TASK ITEM → All lines below containing the string "OVERLAP" are to be copied.

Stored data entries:
=-=-=

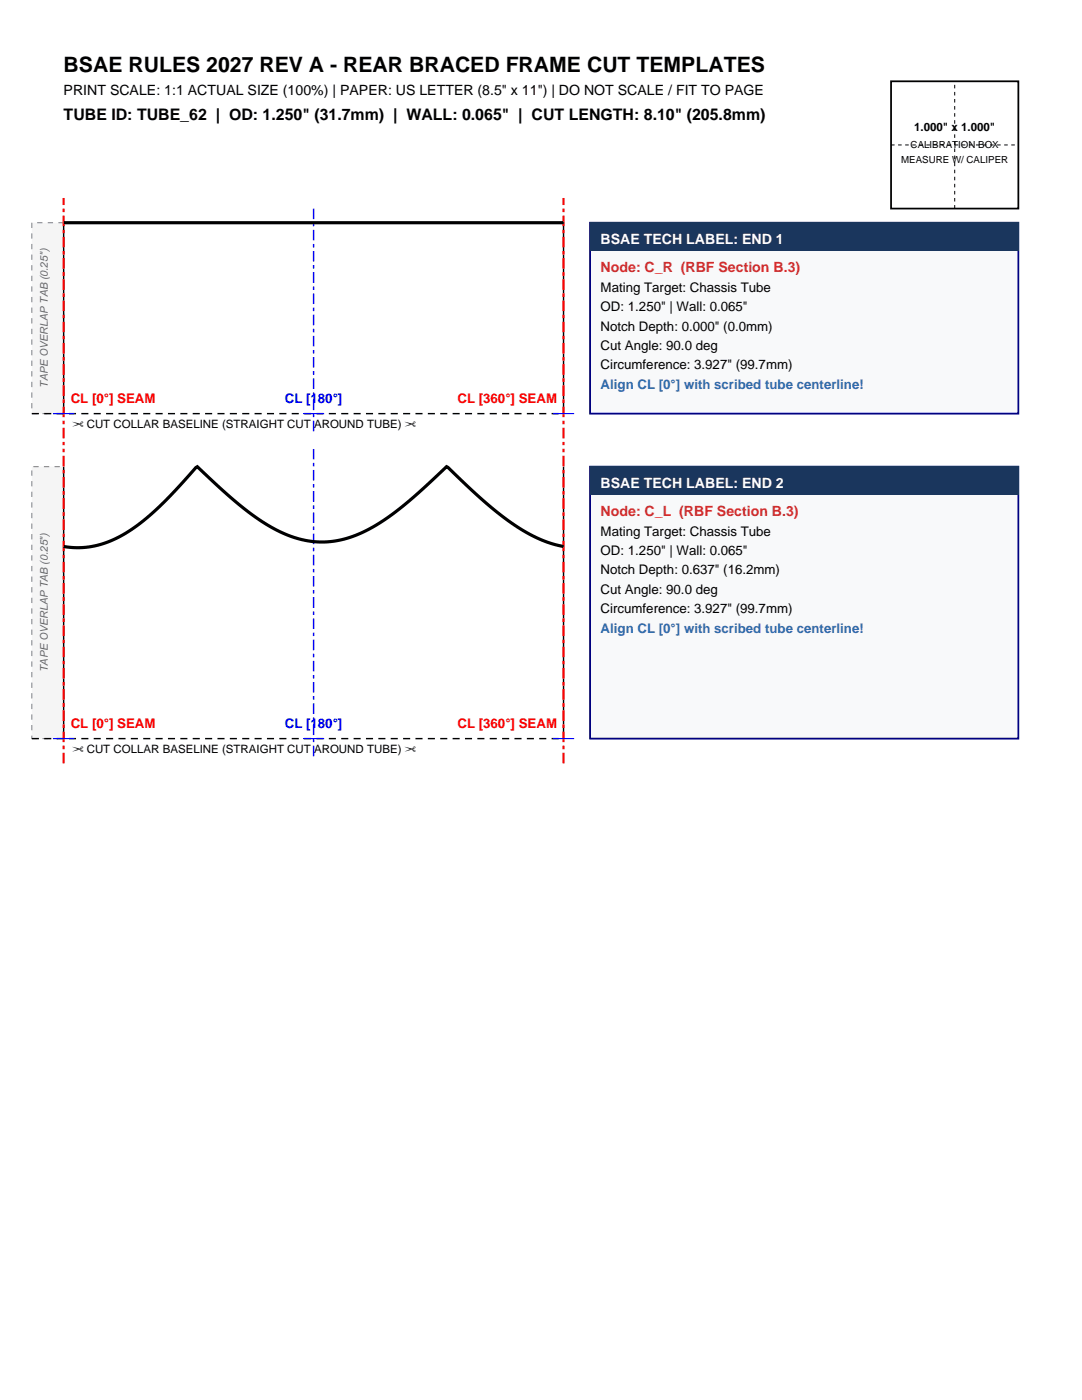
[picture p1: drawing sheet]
<svg xmlns="http://www.w3.org/2000/svg" width="216mm" height="279mm" viewBox="0 0 216 279" stroke-linecap="round" stroke-linejoin="round" font-family="sans-serif">
<defs><g id="words">
<text font-size="4.2" x="12.7" y="14.5">BSAE RULES 2027 REV A - REAR BRACED FRAME CUT TEMPLATES</text>
<text font-size="3.2" x="12.7" y="24">TUBE ID: TUBE_62 | OD: 1.250&quot; (31.7mm) | WALL: 0.065&quot; | CUT LENGTH: 8.10&quot; (205.8mm)</text>
<text font-size="2.8" x="12.7" y="19.1">PRINT SCALE: 1:1 ACTUAL SIZE (100%) | PAPER: US LETTER (8.5&quot; x 11&quot;) | DO NOT SCALE / FIT TO PAGE</text>
<g font-size="2.8" fill="#fff">
<text x="119.9" y="48.7">BSAE TECH LABEL: END 1</text>
<text x="119.9" y="97.4">BSAE TECH LABEL: END 2</text>
</g>
<g font-size="2.8" fill="#c53030">
<text x="119.9" y="54.3">Node: C_R (RBF Section B.3)</text>
<text x="119.9" y="103">Node: C_L (RBF Section B.3)</text>
</g>
<g font-size="2.6">
<text x="119.9" y="58.2">Mating Target: Chassis Tube</text>
<text x="119.9" y="62.1">OD: 1.250&quot; | Wall: 0.065&quot;</text>
<text x="119.9" y="66">Notch Depth: 0.000&quot; (0.0mm)</text>
<text x="119.9" y="69.8">Cut Angle: 90.0 deg</text>
<text x="119.9" y="73.7">Circumference: 3.927&quot; (99.7mm)</text>
<text x="119.9" y="106.9">Mating Target: Chassis Tube</text>
<text x="119.9" y="110.8">OD: 1.250&quot; | Wall: 0.065&quot;</text>
<text x="119.9" y="114.7">Notch Depth: 0.637&quot; (16.2mm)</text>
<text x="119.9" y="118.5">Cut Angle: 90.0 deg</text>
<text x="119.9" y="122.4">Circumference: 3.927&quot; (99.7mm)</text>
</g>
<g font-size="2.6" fill="#2b6cb0">
<text x="119.9" y="77.6">Align CL [0°] with scribed tube centerline!</text>
<text x="119.9" y="126.3">Align CL [0°] with scribed tube centerline!</text>
</g>
<g font-size="2.6" fill="#f00">
<text x="14.1" y="80.4">CL [0°] SEAM</text>
<text x="91.3" y="80.4">CL [360°] SEAM</text>
<text x="14.1" y="145.3">CL [0°] SEAM</text>
<text x="91.3" y="145.3">CL [360°] SEAM</text>
</g>
<g font-size="2.6" fill="#00f">
<text x="56.8" y="80.4">CL [180°]</text>
<text x="56.8" y="145.3">CL [180°]</text>
</g>
<g font-size="2.3">
<text x="182.4" y="26.1">1.000&quot; x 1.000&quot;</text>
<text x="14.5" y="85.4">✂ CUT COLLAR BASELINE (STRAIGHT CUT AROUND TUBE) ✂</text>
<text x="14.5" y="150.2">✂ CUT COLLAR BASELINE (STRAIGHT CUT AROUND TUBE) ✂</text>
</g>
<g font-size="2.1" fill="#696969">
<text x="9.5" y="77.3" transform="rotate(-90 9.5 77.3)">TAPE OVERLAP TAB (0.25&quot;)</text>
<text x="9.5" y="134.1" transform="rotate(-90 9.5 134.1)">TAPE OVERLAP TAB (0.25&quot;)</text>
</g>
<g font-size="1.9">
<text x="181.7" y="29.6">CALIBRATION BOX</text>
<text x="179.8" y="32.5">MEASURE W/ CALIPER</text>
</g>
</g></defs>
<path d="M177.8 16.2h25.4v25.4h-25.4z" fill="none" stroke="#000" stroke-width=".35"/>
<path d="M177.8 28.9h25.4M190.5 41.6v-25.4" fill="none" stroke="#000" stroke-width=".2" stroke-dasharray=".7 .7" stroke-linecap="butt"/>
<path d="M6.3 44.4h6.4v38.1h-6.4z" fill-rule="evenodd" fill="#f5f5f5" stroke="#808080" stroke-width=".2" stroke-dasharray="1.1 1.1" stroke-linecap="butt"/>
<path d="M6.3 82.5h106.1" fill="none" stroke="#000" stroke-width=".28" stroke-dasharray="1.4 1.1" stroke-linecap="butt"/>
<path d="M12.7 44.4v38.1M112.4 44.4v38.1" fill="none" stroke="#000" stroke-width=".28"/>
<path d="M12.7 87.5v-48M112.4 87.5v-48" fill="none" stroke="#f00" stroke-width=".42" stroke-dasharray="2.1 .7 .7 .7" stroke-linecap="butt"/>
<path d="M62.6 86.1v-45.2" fill="none" stroke="#00f" stroke-width=".28" stroke-dasharray="2.1 .7 .7 .7" stroke-linecap="butt"/>
<path d="M10.6 82.5h4.2M60.5 82.5h4.2M110.3 82.5h4.3" fill="none" stroke="#00f" stroke-width=".21"/>
<path d="M12.7 44.4h99.7" fill="none" stroke="#000" stroke-width=".63" stroke-linecap="butt"/>
<path d="M117.7 44.4h85.5v38.1h-85.5z" fill-rule="evenodd" fill="#f8f9fa" stroke="#000080" stroke-width=".35"/>
<path d="M117.7 44.4h85.5v5.7h-85.5z" fill-rule="evenodd" fill="#1a365d"/>
<path d="M6.3 93.1h6.4v54.3h-6.4z" fill-rule="evenodd" fill="#f5f5f5" stroke="#808080" stroke-width=".2" stroke-dasharray="1.1 1.1" stroke-linecap="butt"/>
<path d="M6.3 147.4h106.1" fill="none" stroke="#000" stroke-width=".28" stroke-dasharray="1.4 1.1" stroke-linecap="butt"/>
<path d="M12.7 93.1v54.3M112.4 93.1v54.3" fill="none" stroke="#000" stroke-width=".28"/>
<path d="M12.7 152.3v-64.1M112.4 152.3v-64.1" fill="none" stroke="#f00" stroke-width=".42" stroke-dasharray="2.1 .7 .7 .7" stroke-linecap="butt"/>
<path d="M62.6 150.9v-61.3" fill="none" stroke="#00f" stroke-width=".28" stroke-dasharray="2.1 .7 .7 .7" stroke-linecap="butt"/>
<path d="M10.6 147.4h4.2M60.5 147.4h4.2M110.3 147.4h4.3" fill="none" stroke="#00f" stroke-width=".21"/>
<path d="M12.7 109.1a18.5 18.5 0 0 0 14.4-4.1l2.5-1.9 2.5-2.3 7.3-7.7 5 4.7 3.9 3.4 3.3 2.4 3.3 2.1 3.4 1.4 3 .8 3.1 .3 3-.3 2.3-.6 2.5-1 2.2-1.1 2.5-1.6 5.3-4.1 6.9-6.4 7.8 7.2 2.8 2.3 2.7 2 2.8 1.8 2.5 1.2 2.5 .9 2.2 .6" fill="none" stroke="#000" stroke-width=".63" stroke-linecap="butt"/>
<path d="M117.7 93.1h85.5v54.3h-85.5z" fill-rule="evenodd" fill="#f8f9fa" stroke="#000080" stroke-width=".35"/>
<path d="M117.7 93.1h85.5v5.7h-85.5z" fill-rule="evenodd" fill="#1a365d"/>
<use href="#words"/>
</svg>

=-=-=

WORKED SOLUTION →
<text x="9.5" y="77.3" transform="rotate(-90 9.5 77.3)">TAPE OVERLAP TAB (0.25&quot;)</text>
<text x="9.5" y="134.1" transform="rotate(-90 9.5 134.1)">TAPE OVERLAP TAB (0.25&quot;)</text>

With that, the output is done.